La provocatoria proposta di cambiamento

La sua non è stata, tuttavia, una semplice constatazione di un disagio, ma si è trasformata in una provocatoria proposta di rinnovamento, lanciata quasi a sfidare le logiche produttive più conservative. «Tu dici "Chi ci metto a girare la lettera?" E mettici un ragazzo! Porello, perché non ci può stare un ragazzo?», ha chiesto retoricamente, scardinando con una domanda apparentemente semplice un’abitudine visiva radicata in decenni di televisione. L’idea, che potrebbe apparire banale, contiene in realtà una carica di rottura significativa, spingendo per un ribaltamento dei ruoli o, quantomeno, per una loro normalizzazione. La sua soluzione, del resto, non si limita a una semplice sostituzione, ma abbraccia una possibilità più inclusiva: «Magari tutti e due, vestiti normali», ha specificato, indicando una strada di semplice parità e di sobrietà, lontana da quelle che lei percepisce come inutili e superate esibizioni.

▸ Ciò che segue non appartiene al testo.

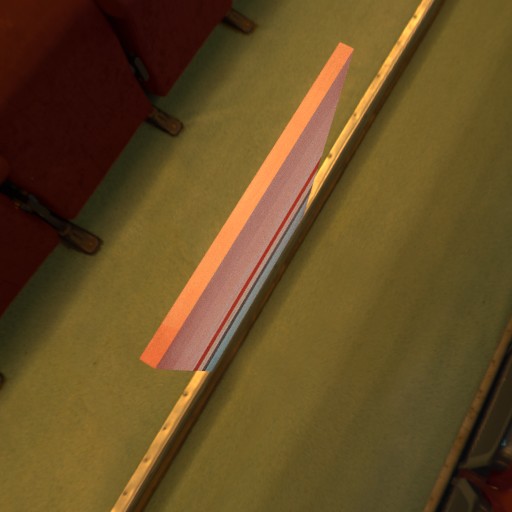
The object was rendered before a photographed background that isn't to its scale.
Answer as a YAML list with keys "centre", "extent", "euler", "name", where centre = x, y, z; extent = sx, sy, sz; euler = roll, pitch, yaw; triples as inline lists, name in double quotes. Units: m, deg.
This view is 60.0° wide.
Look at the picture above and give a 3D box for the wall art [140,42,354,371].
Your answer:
- centre: [0.000, 0.000, 1.349]
  extent: [0.039, 1.016, 0.761]
  euler: [29, 77, 7]
  name: "wall art"
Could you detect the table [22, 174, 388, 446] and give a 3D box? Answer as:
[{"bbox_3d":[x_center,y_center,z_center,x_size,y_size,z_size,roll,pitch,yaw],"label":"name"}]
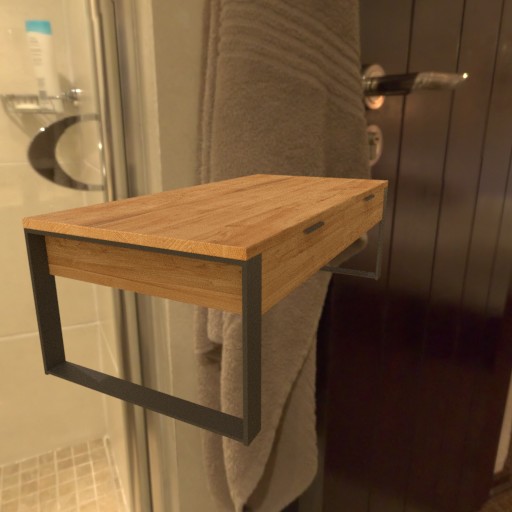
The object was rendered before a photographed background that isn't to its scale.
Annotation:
[{"bbox_3d":[0.000,0.000,1.437,0.590,0.400,1.180,8,18,26],"label":"table"}]
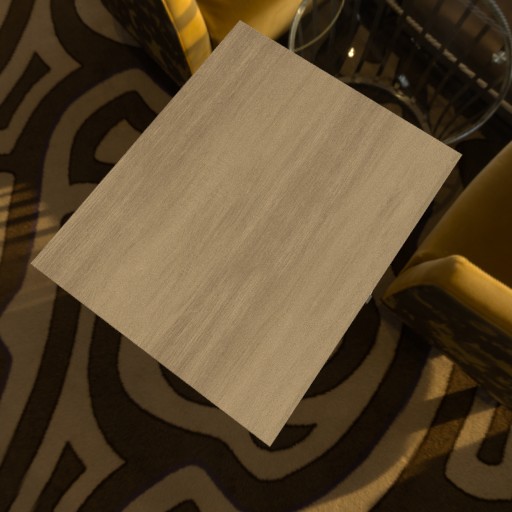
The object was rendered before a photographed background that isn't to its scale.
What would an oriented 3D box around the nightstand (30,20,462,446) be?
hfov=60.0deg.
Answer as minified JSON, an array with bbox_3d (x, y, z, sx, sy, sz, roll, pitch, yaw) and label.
[{"bbox_3d":[0.000,0.000,0.821,0.380,0.500,0.450,35,79,8],"label":"nightstand"}]
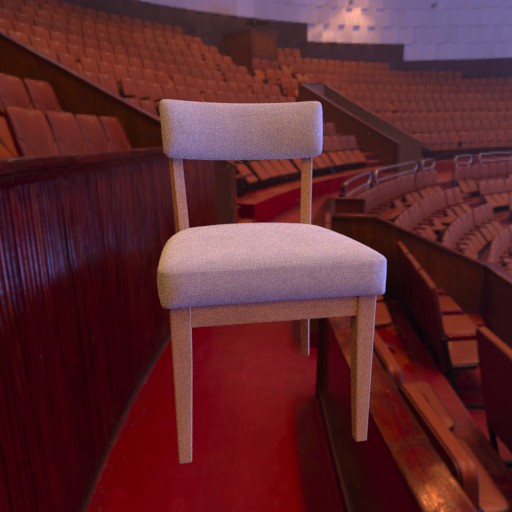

Il cuore di una questione non risolta

Al di là della stoccata personale, che inevitabilmente coinvolge Samira Lui pur senza attaccarla direttamente in quanto persona, le dichiarazioni dell’attrice pongono l’accento su una questione di fondo che periodicamente riemerge nel dibattito pubblico. Il suo intervento, per quanto asciutto e diretto, solleva infatti interrogativi sul modo in cui la televisione generalista costruisce e propone certi modelli, soprattutto in riferimento alla figura femminile, spesso relegata in spazi di pura cornice estetica. Quella che per molti è una tradizione innocua, un elemento folkloristico dei game show, per altri, come Claudia Gerini, rappresenta invece il sintomo di un ritardo culturale, un’immagine che fatica a dialogare con i tempi. La sua critica, netta e volutamente provocatoria, risuona così come un monito verso un medium potente, invitato a guardare avanti e a liberarsi, finalmente, di alcuni cliché che ne appannano la modernità.